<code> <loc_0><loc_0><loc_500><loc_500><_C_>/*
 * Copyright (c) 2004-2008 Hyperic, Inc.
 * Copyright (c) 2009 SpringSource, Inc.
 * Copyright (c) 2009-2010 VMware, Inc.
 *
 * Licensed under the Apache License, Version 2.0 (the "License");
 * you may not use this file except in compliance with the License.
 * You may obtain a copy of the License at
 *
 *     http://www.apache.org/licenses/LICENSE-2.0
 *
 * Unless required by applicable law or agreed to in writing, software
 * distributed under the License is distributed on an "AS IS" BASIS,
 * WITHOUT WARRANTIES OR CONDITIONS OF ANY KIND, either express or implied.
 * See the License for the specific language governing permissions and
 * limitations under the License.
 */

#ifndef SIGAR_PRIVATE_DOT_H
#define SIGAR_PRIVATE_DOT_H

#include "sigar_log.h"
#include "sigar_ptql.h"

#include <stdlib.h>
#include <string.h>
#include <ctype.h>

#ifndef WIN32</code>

····················

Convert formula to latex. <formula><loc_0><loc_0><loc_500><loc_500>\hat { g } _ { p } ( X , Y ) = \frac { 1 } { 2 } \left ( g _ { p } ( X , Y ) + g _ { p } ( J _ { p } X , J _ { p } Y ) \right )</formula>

····················

— Directions —
Reproduce exactly the entries above, limited to the lines from the one with "<code> <loc_0><loc_0><loc_500><loc_500><_C_>/*" through the one with "#ifndef WIN32</code>", both included.

— Result —
<code> <loc_0><loc_0><loc_500><loc_500><_C_>/*
 * Copyright (c) 2004-2008 Hyperic, Inc.
 * Copyright (c) 2009 SpringSource, Inc.
 * Copyright (c) 2009-2010 VMware, Inc.
 *
 * Licensed under the Apache License, Version 2.0 (the "License");
 * you may not use this file except in compliance with the License.
 * You may obtain a copy of the License at
 *
 *     http://www.apache.org/licenses/LICENSE-2.0
 *
 * Unless required by applicable law or agreed to in writing, software
 * distributed under the License is distributed on an "AS IS" BASIS,
 * WITHOUT WARRANTIES OR CONDITIONS OF ANY KIND, either express or implied.
 * See the License for the specific language governing permissions and
 * limitations under the License.
 */

#ifndef SIGAR_PRIVATE_DOT_H
#define SIGAR_PRIVATE_DOT_H

#include "sigar_log.h"
#include "sigar_ptql.h"

#include <stdlib.h>
#include <string.h>
#include <ctype.h>

#ifndef WIN32</code>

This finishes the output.